Try it :: Given the entries that follow, write out exactly the lines starting at the one containing "Satellite picture, France, July" and ending at the one containing "768 1159 21", both ends included, and only those.

——————————

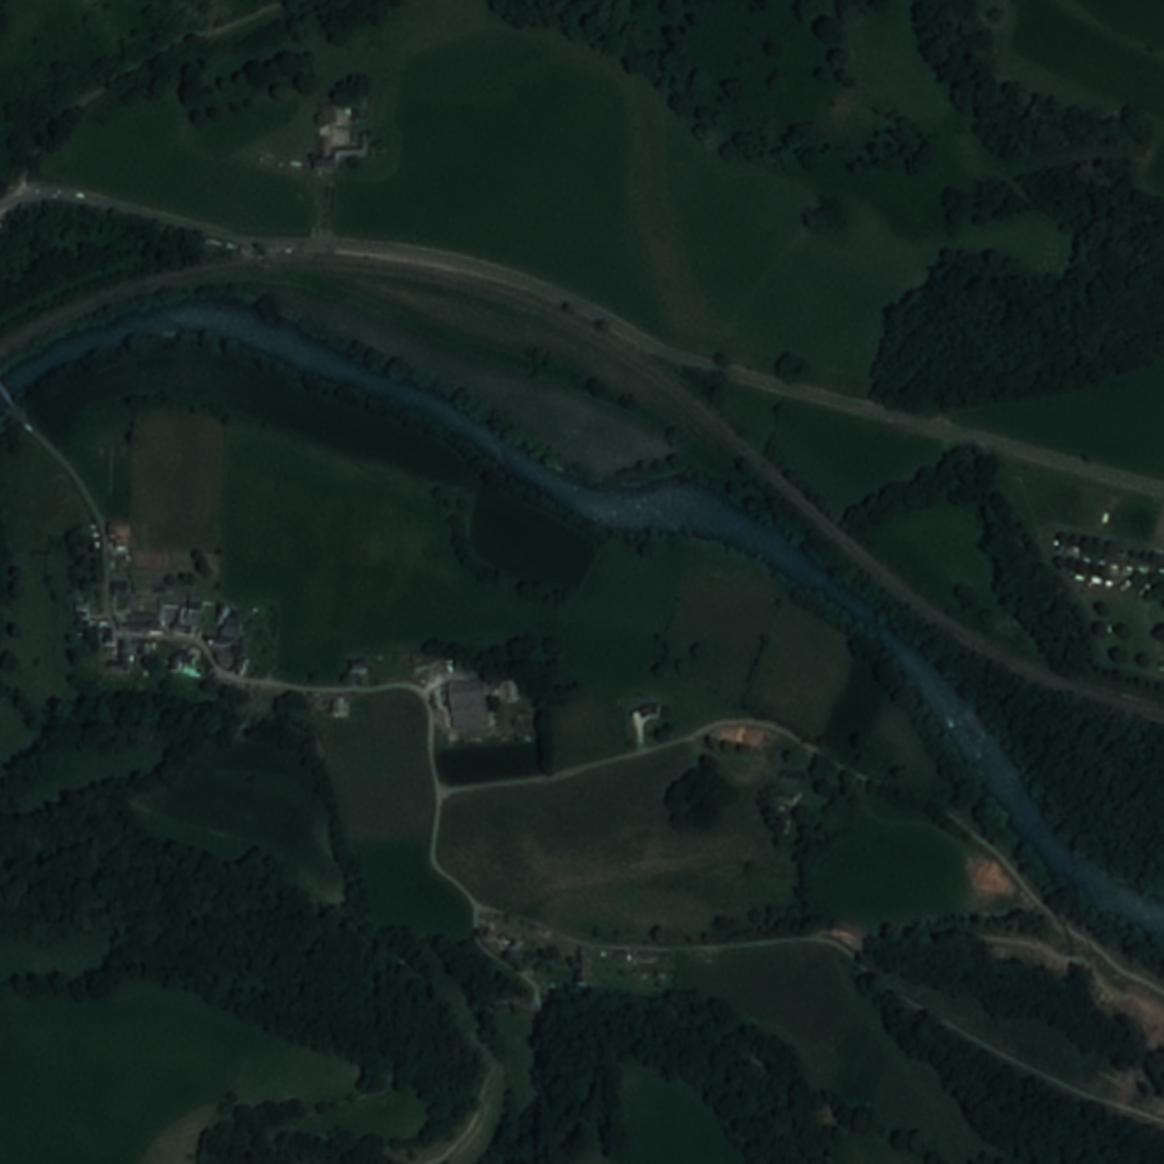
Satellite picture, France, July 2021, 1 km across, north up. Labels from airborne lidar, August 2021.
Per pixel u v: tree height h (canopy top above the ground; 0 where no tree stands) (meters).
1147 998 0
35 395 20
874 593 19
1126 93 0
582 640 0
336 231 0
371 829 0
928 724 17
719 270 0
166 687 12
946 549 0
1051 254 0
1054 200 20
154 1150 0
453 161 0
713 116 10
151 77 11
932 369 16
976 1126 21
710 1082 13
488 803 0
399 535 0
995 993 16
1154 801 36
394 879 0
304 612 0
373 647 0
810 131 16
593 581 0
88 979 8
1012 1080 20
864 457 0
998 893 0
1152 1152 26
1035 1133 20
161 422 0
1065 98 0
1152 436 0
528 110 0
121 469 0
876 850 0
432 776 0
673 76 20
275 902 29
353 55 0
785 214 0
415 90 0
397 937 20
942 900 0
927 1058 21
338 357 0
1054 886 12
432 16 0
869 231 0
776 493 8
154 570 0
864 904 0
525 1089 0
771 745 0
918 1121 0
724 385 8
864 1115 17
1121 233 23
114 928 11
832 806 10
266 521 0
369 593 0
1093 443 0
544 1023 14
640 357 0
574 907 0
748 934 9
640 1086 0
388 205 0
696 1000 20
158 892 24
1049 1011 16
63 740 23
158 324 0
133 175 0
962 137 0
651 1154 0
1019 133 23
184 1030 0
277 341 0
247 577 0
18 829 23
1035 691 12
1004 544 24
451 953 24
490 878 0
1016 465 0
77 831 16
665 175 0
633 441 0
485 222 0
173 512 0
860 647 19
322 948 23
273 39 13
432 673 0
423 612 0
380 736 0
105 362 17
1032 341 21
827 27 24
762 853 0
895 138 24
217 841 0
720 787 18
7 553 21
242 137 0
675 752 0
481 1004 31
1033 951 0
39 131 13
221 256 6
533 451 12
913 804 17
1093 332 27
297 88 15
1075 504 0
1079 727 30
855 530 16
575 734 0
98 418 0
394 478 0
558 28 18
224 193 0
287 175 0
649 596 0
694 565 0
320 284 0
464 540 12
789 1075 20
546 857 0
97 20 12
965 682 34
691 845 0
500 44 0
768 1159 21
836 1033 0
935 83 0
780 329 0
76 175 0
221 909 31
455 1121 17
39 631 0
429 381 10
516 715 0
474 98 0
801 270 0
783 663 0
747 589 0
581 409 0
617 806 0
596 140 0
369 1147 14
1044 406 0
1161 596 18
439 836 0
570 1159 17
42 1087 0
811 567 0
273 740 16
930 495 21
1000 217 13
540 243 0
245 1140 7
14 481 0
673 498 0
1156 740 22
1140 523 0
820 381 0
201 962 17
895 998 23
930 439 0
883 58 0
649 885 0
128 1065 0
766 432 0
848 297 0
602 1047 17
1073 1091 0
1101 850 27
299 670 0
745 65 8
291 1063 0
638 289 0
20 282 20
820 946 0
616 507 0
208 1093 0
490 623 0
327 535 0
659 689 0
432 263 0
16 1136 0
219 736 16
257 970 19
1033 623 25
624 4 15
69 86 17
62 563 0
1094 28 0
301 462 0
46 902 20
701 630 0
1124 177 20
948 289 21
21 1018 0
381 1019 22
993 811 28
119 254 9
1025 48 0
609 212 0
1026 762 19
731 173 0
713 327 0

——————————

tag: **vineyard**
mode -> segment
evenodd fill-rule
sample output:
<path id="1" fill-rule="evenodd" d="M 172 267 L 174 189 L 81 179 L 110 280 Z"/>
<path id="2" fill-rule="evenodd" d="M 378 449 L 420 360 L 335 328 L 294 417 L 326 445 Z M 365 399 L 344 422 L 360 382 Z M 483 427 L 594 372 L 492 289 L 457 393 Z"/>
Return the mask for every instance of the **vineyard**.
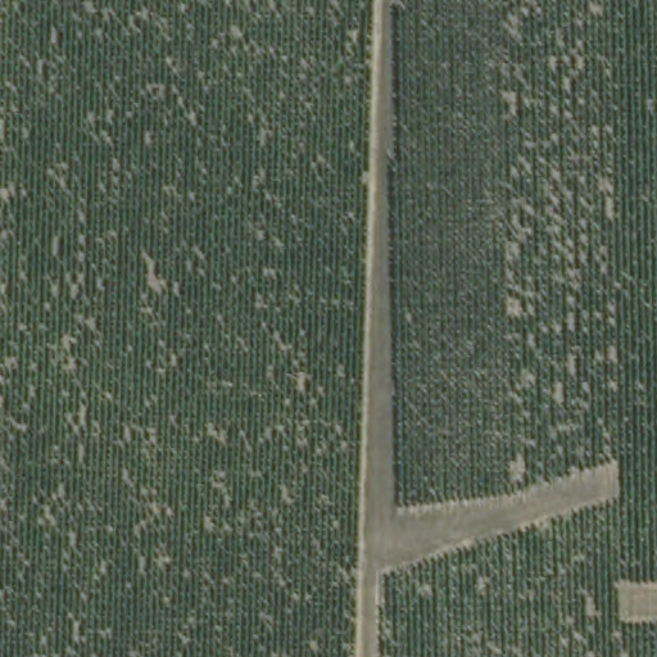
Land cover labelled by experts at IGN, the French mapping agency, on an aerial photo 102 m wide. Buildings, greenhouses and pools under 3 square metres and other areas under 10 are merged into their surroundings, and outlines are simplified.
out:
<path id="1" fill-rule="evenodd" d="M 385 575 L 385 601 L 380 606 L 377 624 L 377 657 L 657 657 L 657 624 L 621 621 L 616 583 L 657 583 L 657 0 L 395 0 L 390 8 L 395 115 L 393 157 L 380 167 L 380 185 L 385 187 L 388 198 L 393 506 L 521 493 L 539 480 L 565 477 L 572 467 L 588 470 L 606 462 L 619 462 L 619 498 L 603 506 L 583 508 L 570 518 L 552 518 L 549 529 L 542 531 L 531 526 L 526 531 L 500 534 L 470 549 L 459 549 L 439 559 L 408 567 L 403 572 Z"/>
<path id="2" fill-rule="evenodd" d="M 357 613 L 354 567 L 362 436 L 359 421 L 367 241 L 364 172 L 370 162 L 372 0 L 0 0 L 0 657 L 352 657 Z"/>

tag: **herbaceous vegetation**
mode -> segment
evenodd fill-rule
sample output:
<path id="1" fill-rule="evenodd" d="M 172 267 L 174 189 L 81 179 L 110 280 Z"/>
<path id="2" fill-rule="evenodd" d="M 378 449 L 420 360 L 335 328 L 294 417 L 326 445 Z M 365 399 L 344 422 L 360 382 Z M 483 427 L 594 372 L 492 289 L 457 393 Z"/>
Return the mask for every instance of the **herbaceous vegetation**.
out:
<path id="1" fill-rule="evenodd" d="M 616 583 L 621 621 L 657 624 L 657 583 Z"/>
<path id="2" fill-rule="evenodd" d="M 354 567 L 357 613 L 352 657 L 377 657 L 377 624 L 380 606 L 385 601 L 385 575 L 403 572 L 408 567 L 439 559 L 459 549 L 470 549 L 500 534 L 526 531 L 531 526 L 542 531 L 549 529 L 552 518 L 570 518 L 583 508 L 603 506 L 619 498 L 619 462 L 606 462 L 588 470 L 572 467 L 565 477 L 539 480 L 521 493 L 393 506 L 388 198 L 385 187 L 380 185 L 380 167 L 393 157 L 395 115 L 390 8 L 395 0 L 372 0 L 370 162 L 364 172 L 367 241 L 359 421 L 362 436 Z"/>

——————————

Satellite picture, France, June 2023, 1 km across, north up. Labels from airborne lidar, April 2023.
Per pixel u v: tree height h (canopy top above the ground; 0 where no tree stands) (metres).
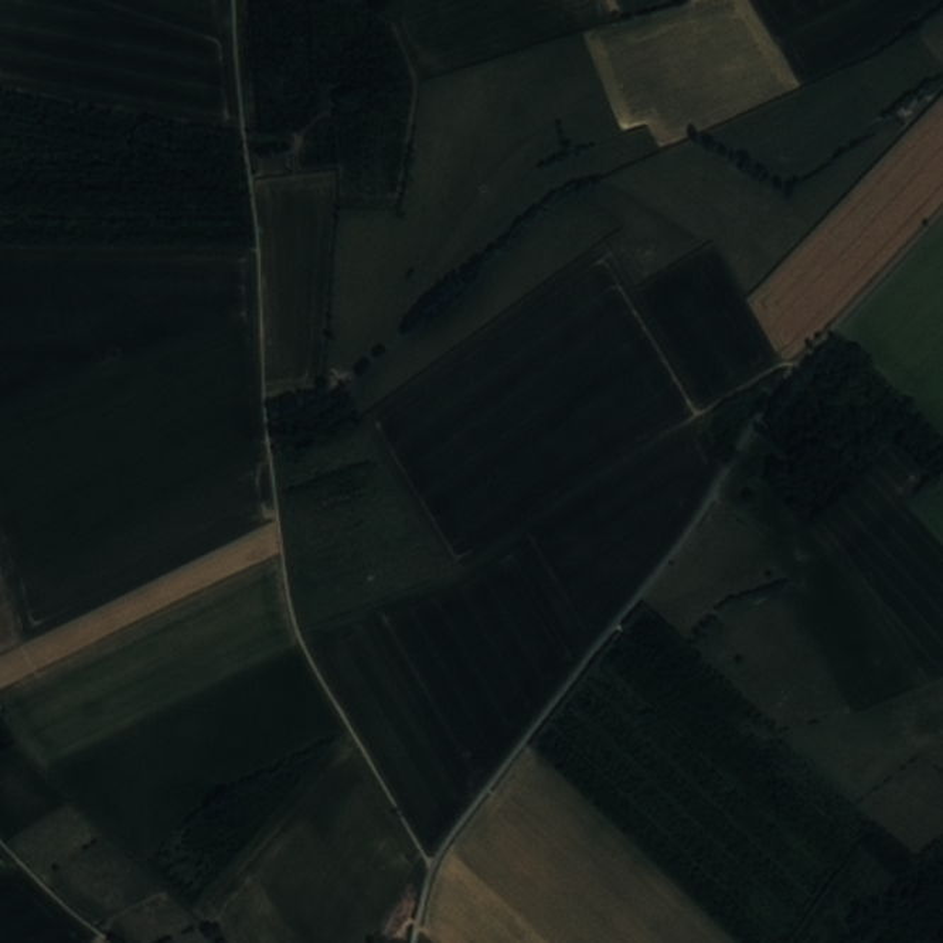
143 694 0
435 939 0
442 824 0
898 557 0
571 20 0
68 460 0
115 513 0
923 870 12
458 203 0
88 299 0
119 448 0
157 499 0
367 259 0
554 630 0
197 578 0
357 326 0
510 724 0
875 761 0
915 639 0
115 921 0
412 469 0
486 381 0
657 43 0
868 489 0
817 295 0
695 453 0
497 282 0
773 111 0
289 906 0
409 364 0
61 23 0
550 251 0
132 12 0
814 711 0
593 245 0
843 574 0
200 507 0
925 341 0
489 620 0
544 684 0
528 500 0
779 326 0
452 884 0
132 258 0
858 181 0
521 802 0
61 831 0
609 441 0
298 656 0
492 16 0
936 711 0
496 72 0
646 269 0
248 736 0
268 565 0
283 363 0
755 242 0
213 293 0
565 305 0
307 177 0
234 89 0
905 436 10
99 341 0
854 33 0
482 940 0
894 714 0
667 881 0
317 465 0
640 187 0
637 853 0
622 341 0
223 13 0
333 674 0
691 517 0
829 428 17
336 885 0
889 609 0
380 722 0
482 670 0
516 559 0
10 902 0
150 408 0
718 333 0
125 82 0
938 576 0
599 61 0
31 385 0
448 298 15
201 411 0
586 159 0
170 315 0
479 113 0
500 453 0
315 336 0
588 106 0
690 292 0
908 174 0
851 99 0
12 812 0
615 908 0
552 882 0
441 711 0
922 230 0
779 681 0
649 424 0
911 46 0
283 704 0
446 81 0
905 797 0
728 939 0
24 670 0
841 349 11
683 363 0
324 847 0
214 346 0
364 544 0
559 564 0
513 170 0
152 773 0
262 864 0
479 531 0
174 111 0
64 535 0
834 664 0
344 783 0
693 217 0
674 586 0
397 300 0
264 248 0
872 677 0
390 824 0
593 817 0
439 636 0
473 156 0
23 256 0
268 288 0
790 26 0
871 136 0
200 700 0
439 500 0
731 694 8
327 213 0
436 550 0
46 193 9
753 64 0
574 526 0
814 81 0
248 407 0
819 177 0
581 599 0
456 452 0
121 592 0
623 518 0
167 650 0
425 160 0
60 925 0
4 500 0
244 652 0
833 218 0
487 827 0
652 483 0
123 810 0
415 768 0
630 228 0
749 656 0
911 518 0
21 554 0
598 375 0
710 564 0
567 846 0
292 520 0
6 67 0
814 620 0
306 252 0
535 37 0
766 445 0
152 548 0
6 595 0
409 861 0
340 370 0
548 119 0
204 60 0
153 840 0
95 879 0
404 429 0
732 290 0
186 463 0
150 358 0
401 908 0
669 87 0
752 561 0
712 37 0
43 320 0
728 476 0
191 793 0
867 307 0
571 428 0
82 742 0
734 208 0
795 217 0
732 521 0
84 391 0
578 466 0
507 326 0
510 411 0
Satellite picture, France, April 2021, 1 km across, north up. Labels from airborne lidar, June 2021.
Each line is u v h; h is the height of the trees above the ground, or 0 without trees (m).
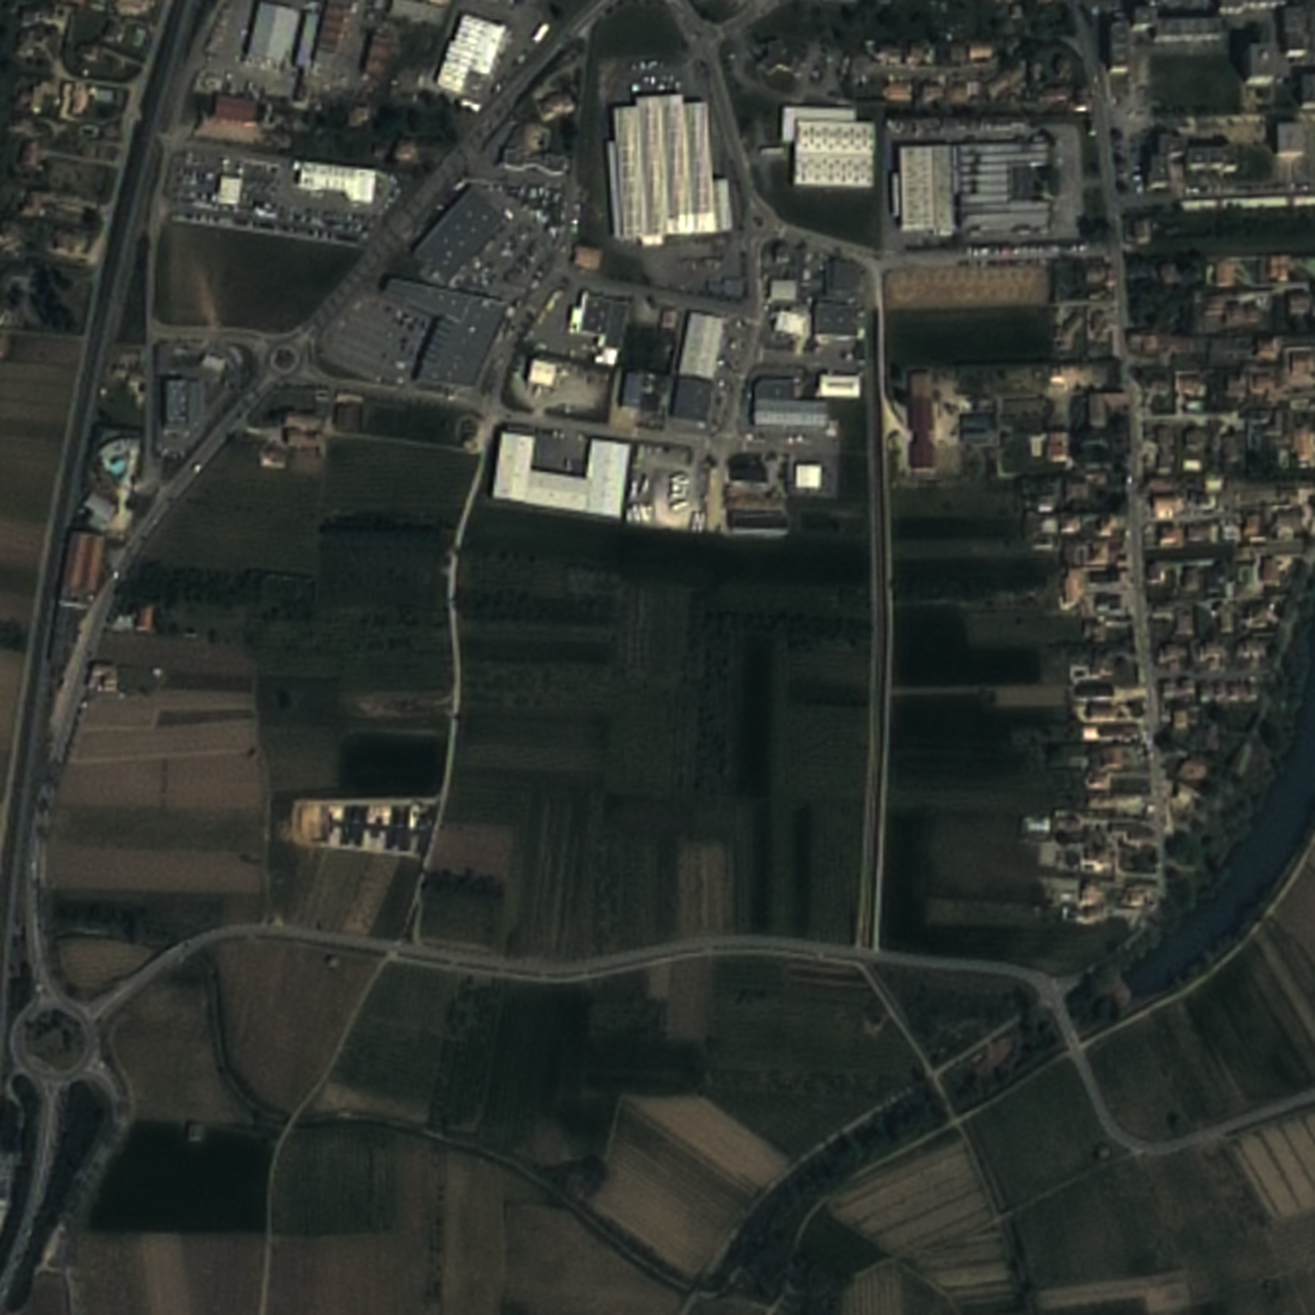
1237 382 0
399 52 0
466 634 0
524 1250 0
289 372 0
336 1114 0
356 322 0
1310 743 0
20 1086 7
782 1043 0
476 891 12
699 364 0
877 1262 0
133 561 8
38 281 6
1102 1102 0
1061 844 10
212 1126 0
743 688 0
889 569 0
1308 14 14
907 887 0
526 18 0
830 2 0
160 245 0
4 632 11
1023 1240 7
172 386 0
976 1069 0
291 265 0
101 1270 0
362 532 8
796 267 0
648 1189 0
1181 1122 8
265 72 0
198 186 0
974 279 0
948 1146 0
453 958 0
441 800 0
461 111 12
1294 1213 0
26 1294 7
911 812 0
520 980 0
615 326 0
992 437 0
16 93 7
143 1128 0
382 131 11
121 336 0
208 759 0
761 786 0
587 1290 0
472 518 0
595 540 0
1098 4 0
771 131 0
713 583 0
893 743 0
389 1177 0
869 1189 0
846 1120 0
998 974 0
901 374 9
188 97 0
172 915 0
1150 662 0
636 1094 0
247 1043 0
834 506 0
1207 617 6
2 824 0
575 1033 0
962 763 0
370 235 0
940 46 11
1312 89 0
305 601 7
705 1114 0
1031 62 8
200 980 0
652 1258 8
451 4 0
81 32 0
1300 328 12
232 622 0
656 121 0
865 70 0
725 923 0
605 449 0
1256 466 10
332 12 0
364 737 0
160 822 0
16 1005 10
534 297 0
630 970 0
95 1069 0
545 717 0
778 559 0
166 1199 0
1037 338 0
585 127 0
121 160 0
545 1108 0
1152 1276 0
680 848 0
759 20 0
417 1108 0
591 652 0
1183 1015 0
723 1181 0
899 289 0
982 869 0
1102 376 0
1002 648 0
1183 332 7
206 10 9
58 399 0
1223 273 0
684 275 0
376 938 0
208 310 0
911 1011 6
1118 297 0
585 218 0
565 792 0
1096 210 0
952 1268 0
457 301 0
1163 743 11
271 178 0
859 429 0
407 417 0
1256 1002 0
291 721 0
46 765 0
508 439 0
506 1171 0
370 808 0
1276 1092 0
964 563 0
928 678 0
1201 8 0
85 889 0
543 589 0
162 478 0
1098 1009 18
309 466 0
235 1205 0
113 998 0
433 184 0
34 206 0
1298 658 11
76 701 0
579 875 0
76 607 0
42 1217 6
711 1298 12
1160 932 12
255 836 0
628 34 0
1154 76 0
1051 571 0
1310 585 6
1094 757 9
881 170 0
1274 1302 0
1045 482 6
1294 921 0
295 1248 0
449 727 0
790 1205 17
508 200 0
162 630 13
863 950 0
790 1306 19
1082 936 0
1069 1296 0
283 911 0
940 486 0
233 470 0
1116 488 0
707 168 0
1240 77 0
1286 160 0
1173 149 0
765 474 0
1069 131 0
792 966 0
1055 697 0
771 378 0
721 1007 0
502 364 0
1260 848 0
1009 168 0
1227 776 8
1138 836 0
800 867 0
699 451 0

——————————

Reply ::
Satellite picture, France, July 2021, 1 km across, north up. Labels from airborne lidar, August 2021.
Per pixel u v: tree height h (canopy top above the ground; 0 where no tree stands) (meters).
1147 998 0
35 395 20
874 593 19
1126 93 0
582 640 0
336 231 0
371 829 0
928 724 17
719 270 0
166 687 12
946 549 0
1051 254 0
1054 200 20
154 1150 0
453 161 0
713 116 10
151 77 11
932 369 16
976 1126 21
710 1082 13
488 803 0
399 535 0
995 993 16
1154 801 36
394 879 0
304 612 0
373 647 0
810 131 16
593 581 0
88 979 8
1012 1080 20
864 457 0
998 893 0
1152 1152 26
1035 1133 20
161 422 0
1065 98 0
1152 436 0
528 110 0
121 469 0
876 850 0
432 776 0
673 76 20
275 902 29
353 55 0
785 214 0
415 90 0
397 937 20
942 900 0
927 1058 21
338 357 0
1054 886 12
432 16 0
869 231 0
776 493 8
154 570 0
864 904 0
525 1089 0
771 745 0
918 1121 0
724 385 8
864 1115 17
1121 233 23
114 928 11
832 806 10
266 521 0
369 593 0
1093 443 0
544 1023 14
640 357 0
574 907 0
748 934 9
640 1086 0
388 205 0
696 1000 20
158 892 24
1049 1011 16
63 740 23
158 324 0
133 175 0
962 137 0
651 1154 0
1019 133 23
184 1030 0
277 341 0
247 577 0
18 829 23
1035 691 12
1004 544 24
451 953 24
490 878 0
1016 465 0
77 831 16
665 175 0
633 441 0
485 222 0
173 512 0
860 647 19
322 948 23
273 39 13
432 673 0
423 612 0
380 736 0
105 362 17
1032 341 21
827 27 24
762 853 0
895 138 24
217 841 0
720 787 18
7 553 21
242 137 0
675 752 0
481 1004 31
1033 951 0
39 131 13
221 256 6
533 451 12
913 804 17
1093 332 27
297 88 15
1075 504 0
1079 727 30
855 530 16
575 734 0
98 418 0
394 478 0
558 28 18
224 193 0
287 175 0
649 596 0
694 565 0
320 284 0
464 540 12
789 1075 20
546 857 0
97 20 12
965 682 34
691 845 0
500 44 0
768 1159 21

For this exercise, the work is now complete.